OK I have moved the settings to 70 on the speed and 90% on the power but I also switched over to Jarvis and it’s sort of a better job in some areas but looks overall the same. I also adjusted the laserhead because of the mention about the Focus. Given that these wooden slabs are taller, that might have been throwing the laser out of Focus. However, I’ve attached a video of a test that I did where on top of the light colored wooden slab I placed a darker colored cork coaster and burned the dark colored line, almost perfectly, which leads me to believe that it is not so much a focus or a Settings , but rather the light color of this wooden slab so I am thinking of staining it a little bit darker to see if that makes a difference.

Constant power is almost always OFF. It helps prevent excess burning as the laser changes direction. Do you feel it was causing issues?

Have you run any methodical tests? Focus? Interval? Speed? Power? All of these interact with one another. Lightburn has testing grids for these built in. Every material (and color of each) will have unique settings. Careful testing reveals them. After a few dozen you start to learn what to expect for ballpark numbers but only a test (or five) will nail it down.

Images are widely considered the hardest type of job to do. In my image testing, a couple percent change in power makes a huge difference once your close. Same with the other major parameters as well as image adjustments like gamma, contrast, and brightness. Lots of tests and small changes…

These kinds of lasers are like pointers. They have conical beam convergence and are sensitive to focus. A couple mm difference in material thickness can be huge.

Percent speed isn’t a unit of measure I’ve seen in Lightburn. Is it perhaps mm/sec? Are you controlling speed with Lightburn?

What is your laser output power?

Thank you so much! It makes total sense that laser software would have such a feature. I’ll research it. Because indeed there is something to the notion that light vs dark colored backgrounds react differently. Obviously it’s based on the physics of light reflection but just as expected; same settings: different color resulted in this:

It’s not just color. Yes, that’s a factor, but I have tried maple, white oak, pine, and basswood…all very light/pale and they burn very different. There’s even a difference between sliced veneer and plain sawn.

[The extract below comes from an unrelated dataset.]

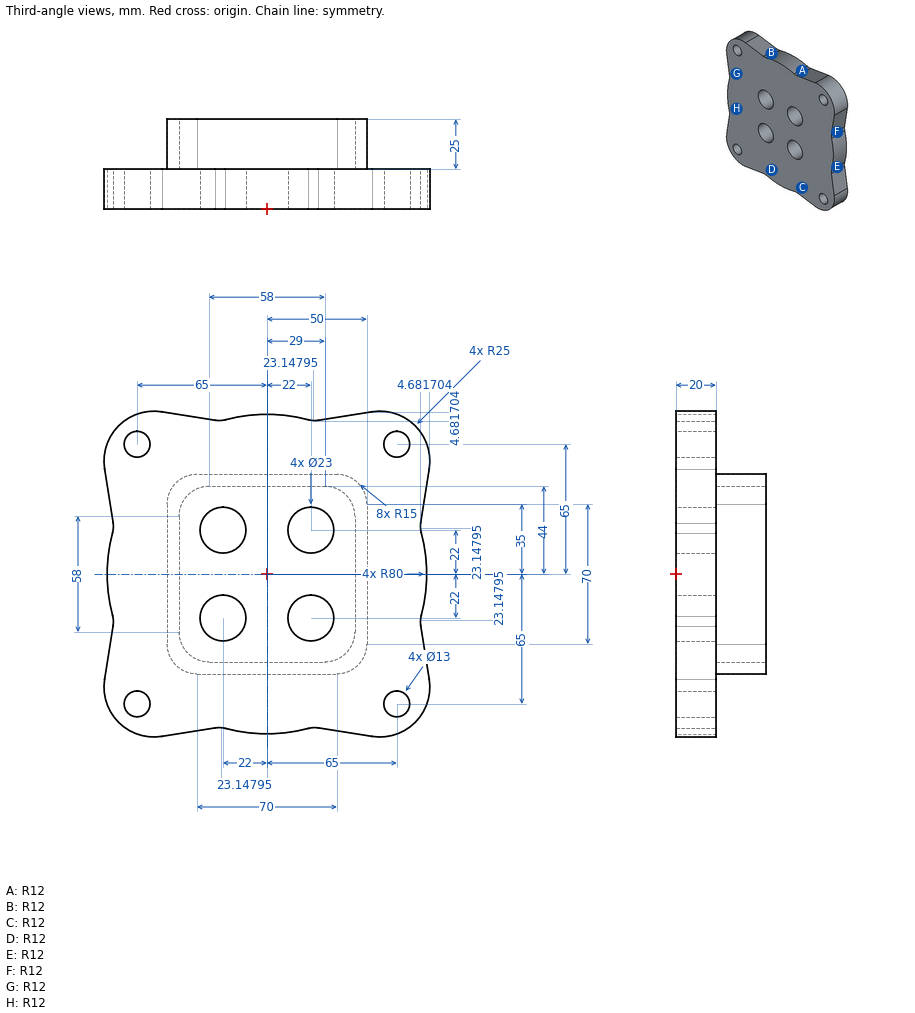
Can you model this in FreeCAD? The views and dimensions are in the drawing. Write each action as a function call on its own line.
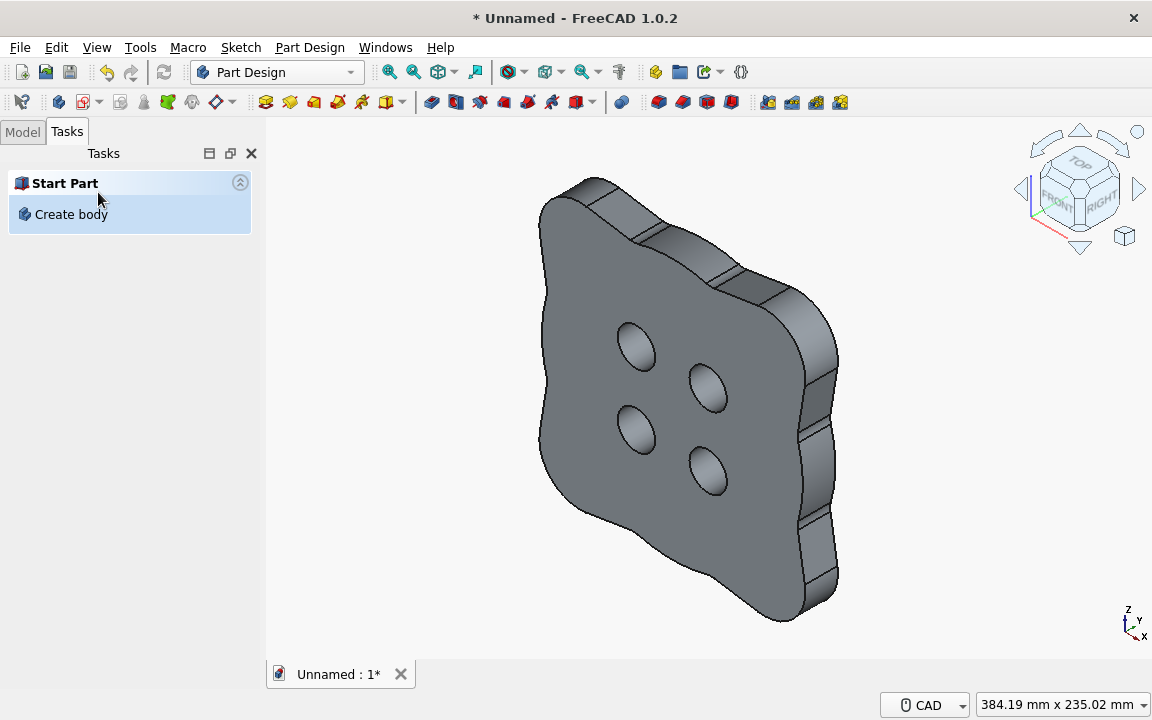
key(2)

The timber is charring because there’s too much energy being applied to it. There are only 2 ways you can alter the energy, that’s to either change the speed or change the power output. It’s just that simple.

The same physics apply to every material you put under the laser.
Homogeneous materials like MDF or cast acrylic tend to cut and engrave using the same settings with reliable consistency, heterogeneous materials like wood do not.

I ran the test with these settings and got these results. So to know which square is which I guess it takes each parameter; speed and power and divides it up according to your settings so speed was set for a range from 50-80 over 5 squares so 6mm/s greater each square. Same for the power. But how do I identify which is which? I can guess since the best is somewhere in the middle, that I should try 68 for speed and 75 for power?


Go into the text setting editor on the generator and make sure it is set to output the layer.

im not sure i follow. You mean in Laser Tools, Material Testing and in that window up above click on Edit Test Setting? I did but I dont see where that tells me which square is which. I thought I could view it in the Preview button but that doesnt show it either.
What it does show however is the playback which tells me it started at the bottom left and went right and then up.

This one.Make sure it is set to output the layer.
image

Looks like LB 1.5.xx and there have been changes I’ve not used yet. I’m still on 1.4.05. the test grids should have text labels on three sides like this…they should show in the preview.